А Тиритомба ничего не сказал, поскольку не помнил своих чёрных родителей. Вдруг он и впрямь натуральный гомункул, только его в атаноре передержали?
— А что, прекрасная синьорита, — сказал маэстро, — всё ли ещё существует в Париже прославленная Сорбонна?
— Сорбонна-то существует, — вздохнул атаман. — Вот Франции больше нет. Есть кардинальство под началом некоего Кошона... И Бургундии нет, и Фландрии, и Германии... Всю Европу объединил Кесарь, теперь вот до нас добирается...
Джанфранко да Чертальдо обхватил руками свою величественную плешивую голову.
— Что я наделал, безумец! — воскликнул он. — Да и того, что замыслил, не сумел исполнить до конца!
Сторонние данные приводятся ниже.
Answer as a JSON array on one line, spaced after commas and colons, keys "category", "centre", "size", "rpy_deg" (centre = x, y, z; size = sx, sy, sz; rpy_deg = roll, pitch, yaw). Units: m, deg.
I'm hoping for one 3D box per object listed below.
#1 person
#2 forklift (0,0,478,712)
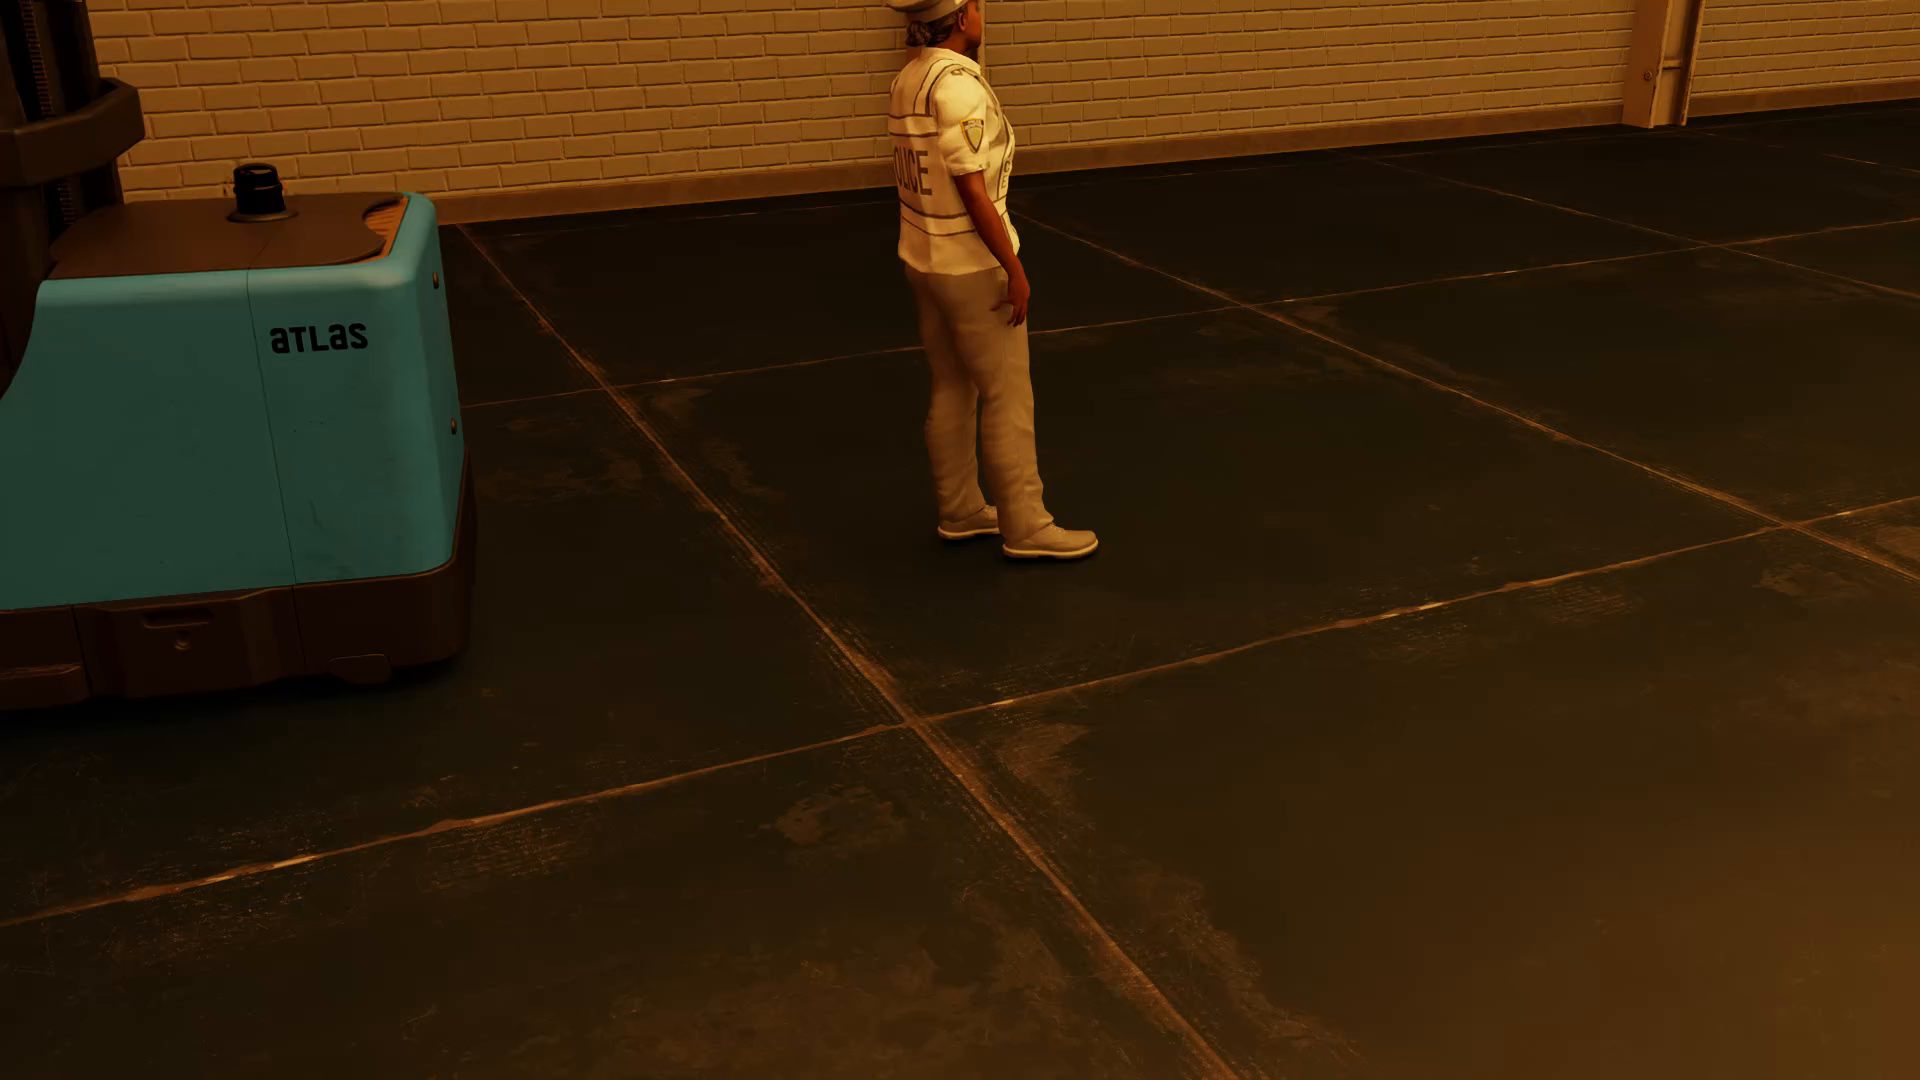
[{"category": "person", "centre": [0.076, -0.795, 4.792], "size": [0.528, 1.697, 0.570], "rpy_deg": [-10, 25, -23]}, {"category": "forklift", "centre": [-2.841, -1.048, 3.810], "size": [3.031, 2.935, 1.130], "rpy_deg": [-5, 23, -12]}]

Видела ли ты, бамбина, как срезанная верхушка арбуза плавает в бочке с водой?
— При чём тут арбуз? — вытаращился Лука.
— Именно так и выглядит сейчас мир, в котором мы находимся, — вздохнул Джанфранко. — Всё, что говорил вам спятивший Агилера, — правда...
— Мне он вовсе не показался спятившим, — сказал атаман. — Чудил он не больше любого старика... А где же остальной арбуз?
— О, бамбина, да ты проницательна! Я вот тоже думаю — где он? Куда подевался Новый Свет? Где Южная Земля, где Ледяной Материк? Отчего Северный Полюс оказался в Риме?
— Это мы должны у тебя спросить, — сказал атаман со всей возможной суровостью.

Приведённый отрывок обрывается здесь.